Spate of clearcuts on the horizon: Permits OK’d for 90 acres, pending for another 44

An influx of clearcuts is coming to Whidbey Island, according to recent Department of Natural Resources decisions analyzed by a local environmental-protection group.

An influx of clearcuts is coming to Whidbey Island, according to recent Department of Natural Resources decisions analyzed by a local environmental-protection group.

In April alone, that state agency, often known as DNR, approved 90.75 acres for clearcutting, and left pending applications to clearcut another 44 acres, said Marianne Edain, a coordinator with Whidbey Environment Action Network, or WEAN.

Another 38.5 acres were approved for thinning.

“We are anti-clearcutting, not anti-logging,” Edain said, addressing a meeting of the county’s planning commission on May 9.

“Clearcutting is a disastrous form of logging, and there are many examples of very successful selective logging.
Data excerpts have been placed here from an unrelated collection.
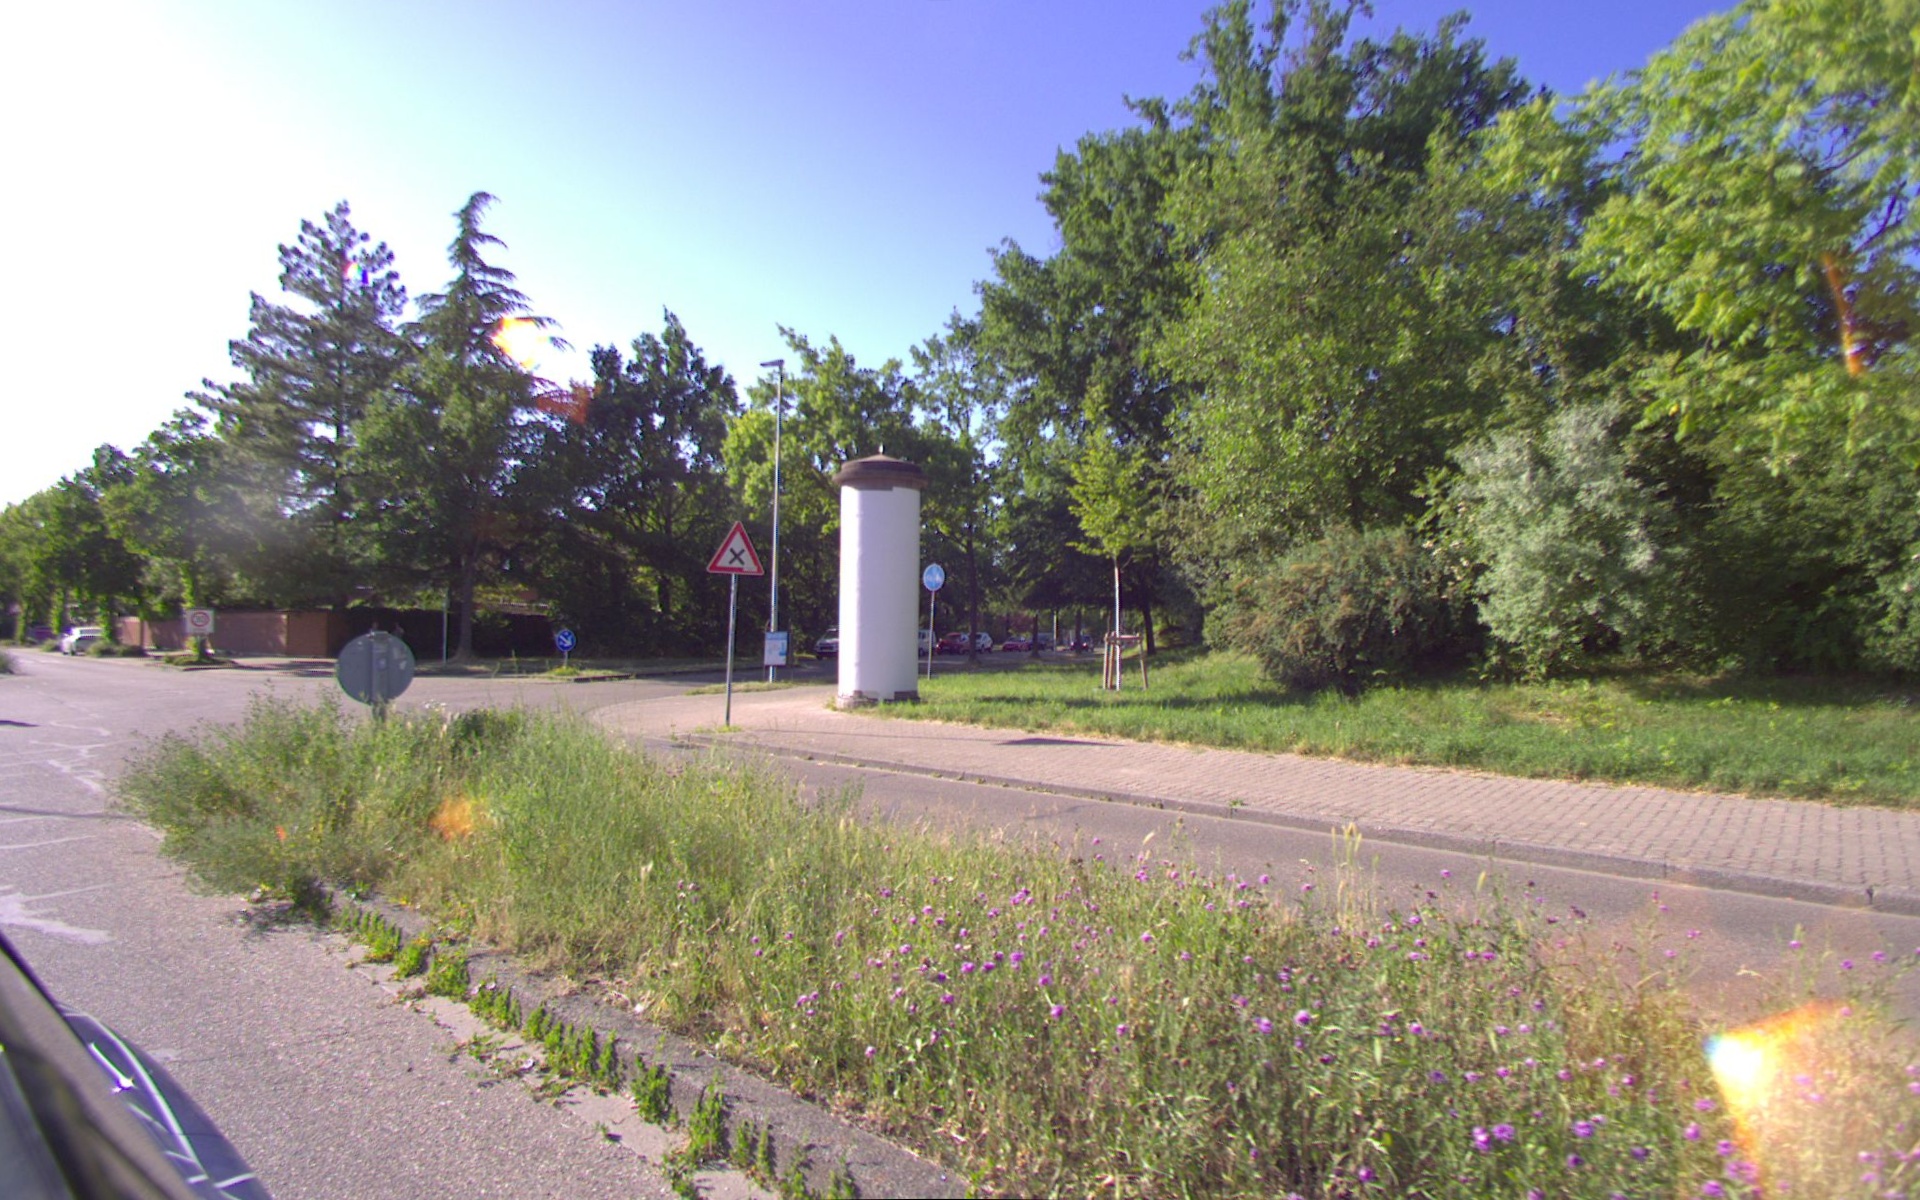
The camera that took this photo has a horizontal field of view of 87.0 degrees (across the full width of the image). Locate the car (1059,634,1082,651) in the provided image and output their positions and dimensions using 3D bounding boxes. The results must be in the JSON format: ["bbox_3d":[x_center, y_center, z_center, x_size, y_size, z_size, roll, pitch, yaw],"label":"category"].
[{"bbox_3d":[11.358,4.361,104.077,1.440,1.666,3.694,-1,-2,21],"label":"car"}]

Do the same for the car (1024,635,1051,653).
[{"bbox_3d":[7.359,4.124,95.662,1.490,1.666,4.063,-1,-2,21],"label":"car"}]

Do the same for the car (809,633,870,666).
[{"bbox_3d":[-6.678,2.740,56.618,1.739,1.762,4.610,-1,-2,16],"label":"car"}]

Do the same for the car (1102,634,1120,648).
[{"bbox_3d":[18.951,5.118,126.723,1.412,1.666,3.882,-1,-2,21],"label":"car"}]

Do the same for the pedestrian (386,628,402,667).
[{"bbox_3d":[-23.080,1.918,41.294,0.539,1.573,0.390,-1,-2,45],"label":"pedestrian"}]

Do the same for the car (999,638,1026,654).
[{"bbox_3d":[4.688,4.067,89.828,1.490,1.369,3.442,-1,-2,21],"label":"car"}]

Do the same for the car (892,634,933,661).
[{"bbox_3d":[-3.105,3.125,66.965,1.489,1.768,3.778,-1,-2,18],"label":"car"}]

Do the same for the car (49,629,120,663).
[{"bbox_3d":[-45.364,2.339,52.423,3.993,1.671,1.975,-1,-2,37],"label":"car"}]

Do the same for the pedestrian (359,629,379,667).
[{"bbox_3d":[-23.922,1.924,40.956,0.393,1.532,0.535,0,-2,18],"label":"pedestrian"}]

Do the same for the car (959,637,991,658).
[{"bbox_3d":[1.224,3.706,79.479,1.489,1.651,3.730,-1,-2,18],"label":"car"}]

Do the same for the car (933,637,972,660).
[{"bbox_3d":[-0.543,3.520,73.968,1.759,1.651,3.730,-1,-2,18],"label":"car"}]

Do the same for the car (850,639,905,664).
[{"bbox_3d":[-5.005,3.126,62.198,1.710,1.455,4.585,-2,-3,18],"label":"car"}]

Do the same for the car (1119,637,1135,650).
[{"bbox_3d":[23.058,5.985,139.408,1.412,1.666,3.882,-1,-2,21],"label":"car"}]

If you take two percent of a forest per year, you can do that forever.”

The clearcuts — set out in Forest Practice “notices of decision” approving harvests of 70 percent or more of the trees on a property — are slated to occur at the southwest corner of the intersection of Lone Lake and Goss Lake Roads, in Langley; at the intersection of Libbey and West Beach Roads, between Coupeville and Oak Harbor; off Sleeper Road southwest of Dugualla State Park, near Oak Harbor; off Lone Lake Road near Saratoga Road, in Langley; Becker Road, near the Bayview Road dog park, in Bayview; and just south of Chase Lake, north of Freeland.
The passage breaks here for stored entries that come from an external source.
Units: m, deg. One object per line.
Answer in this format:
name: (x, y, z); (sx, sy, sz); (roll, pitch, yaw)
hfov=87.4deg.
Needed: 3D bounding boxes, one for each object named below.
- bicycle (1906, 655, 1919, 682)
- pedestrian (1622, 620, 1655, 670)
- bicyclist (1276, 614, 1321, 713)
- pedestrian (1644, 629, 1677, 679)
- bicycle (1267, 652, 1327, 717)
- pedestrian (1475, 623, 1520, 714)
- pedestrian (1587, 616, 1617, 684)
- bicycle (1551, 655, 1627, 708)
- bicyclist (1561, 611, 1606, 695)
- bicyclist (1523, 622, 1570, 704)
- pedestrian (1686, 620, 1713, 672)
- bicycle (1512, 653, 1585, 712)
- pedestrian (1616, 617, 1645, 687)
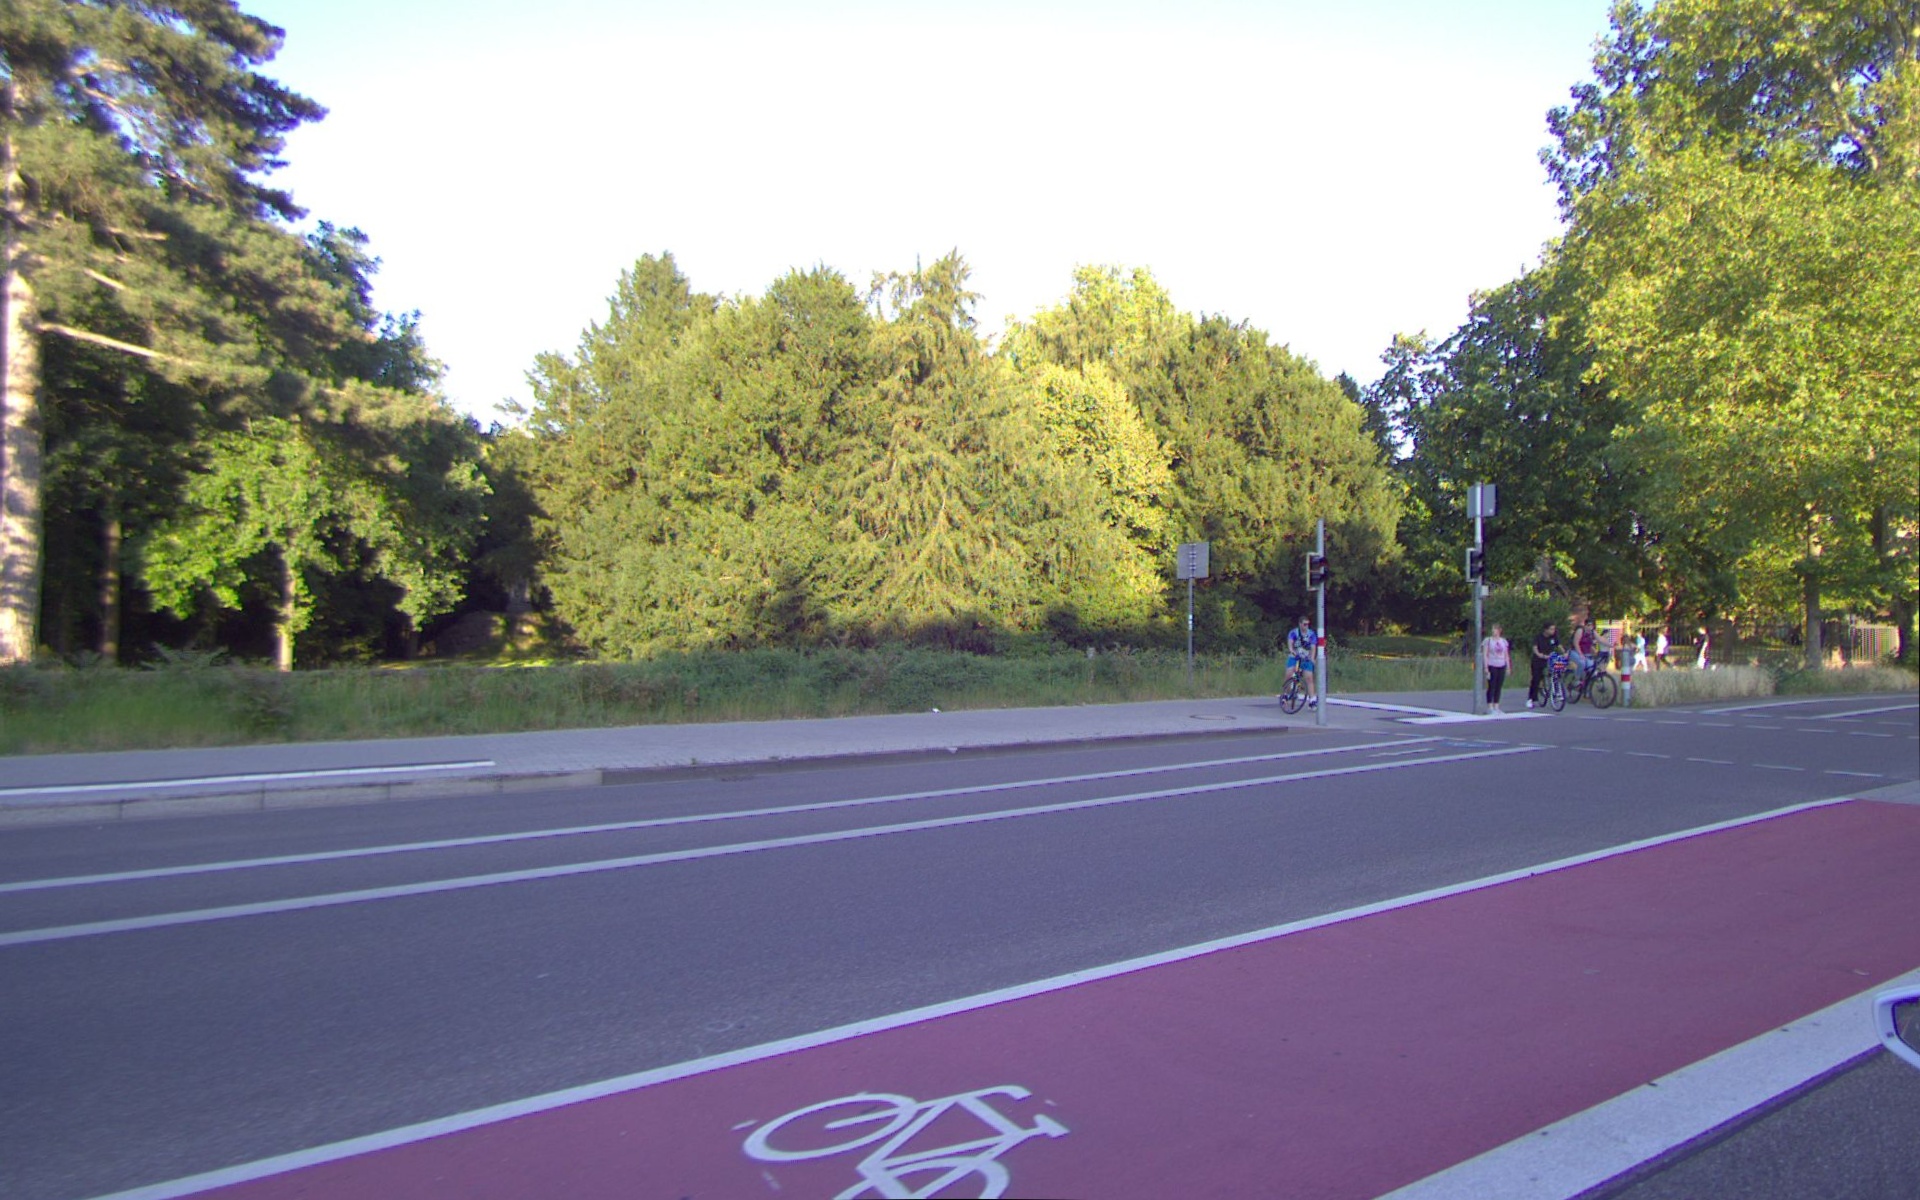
bicycle: (34.919, 2.429, 35.225); (0.765, 0.936, 2.420); (1, -2, -28)
pedestrian: (28.167, 1.856, 41.694); (0.982, 2.040, 0.799); (1, 0, -30)
bicyclist: (6.488, 1.194, 19.244); (0.723, 1.848, 0.711); (1, 0, 26)
pedestrian: (29.310, 2.257, 42.046); (1.064, 2.040, 0.757); (1, 0, -30)
bicycle: (6.477, 1.585, 19.233); (0.758, 1.115, 2.119); (0, -2, 28)
pedestrian: (10.423, 1.312, 19.487); (0.492, 1.718, 0.604); (1, -1, -28)
pedestrian: (19.736, 1.527, 30.892); (0.638, 2.040, 0.606); (1, 0, 22)
bicycle: (13.514, 1.735, 21.639); (0.568, 1.043, 1.772); (0, -1, 2)
bicyclist: (13.527, 1.146, 21.809); (0.564, 1.804, 0.640); (0, -1, 1)
bicyclist: (12.124, 1.286, 20.777); (0.618, 1.671, 0.640); (0, -1, 1)
pedestrian: (29.506, 1.814, 40.070); (0.692, 2.040, 0.637); (1, -1, -28)
bicycle: (12.118, 1.676, 20.717); (0.620, 1.126, 1.569); (0, -1, 2)
pedestrian: (20.026, 1.542, 30.012); (0.584, 2.040, 0.642); (1, 0, 21)

No start dates are provided. Some of the sites to be logged involve slopes with grades of up to 50 percent, according to the notices.

Some clearcuts are conversions, meaning the land will be built on. Most by law must be reforested — though “what that actually means in practice varies widely,” Edain said. In any case, she said, “A replanted clearcut is not a forest — it is a rather sad tree farm.”

WEAN hasn’t consistently tracked Forest Practice notices of decision, said Edain, but “my sense is that clearcutting has been increasing over the past year.”

Tracking clearcuts and their effects is hard, she said, in part because of internal inconsistencies within applications. For example, one recent application cited plans to cut 80 percent of 26 acres at Lone Lake and Goss Lake roads, but claimed to be exempt from the requirement to reforest the area, checking the box claiming, “I am leaving at least 100 vigorous, undamaged and well-distributed saplings or merchantable trees per acre.”

If those 100 trees represent the 20 percent uncut on each acre, there must be another 400 trees making up the 80 percent to be cut, Edain observed.

“So 500 vigorous, merchantable trees per acre? That’s a pretty high number — unrealistically high.”

Not necessarily, responded Steve Ranten, the forest-practice coordinator for DNR’s Northwest region. “It’s really hard to tell whether that’s realistic without seeing the site, but in a multi-age stand, it is possible,” he said.

DNR imposes stringent controls on clearcuts, Ranten said. “There are many restrictions in black and white, and our foresters do a tremendous amount of field review.”

Regulations preclude clearcuts of greater than 40 acres on saltwater islands like Whidbey, for example.

Some defend clearcuts. The Washington Forest Protection Association, an Olympia-based group of private forest-land owners including logging giants Campbell Global, Rayonier and Weyerhaeuser, said both economic and ecological rationales support clearcuts.

Douglas fir depend on full-sun conditions to thrive — conditions that occur after a fire or a massive windstorm. Clearcutting simulates those conditions to create an open area, the group said on its website. Large-scale harvests disturb the forest soil and water less than frequent, smaller incursions, it said.

A lot of Island County residents would like to see the county gain full control over logging, excluding the state altogether, said Bill Poss, development coordinator in the county’s public-works department. At the moment, the county regulates logging only when landowners cut timber to clear a site for building, not when they harvest. “But the county’s perspective is that we’re obligated to administer the regulations as they are, not as they could be,” Poss said.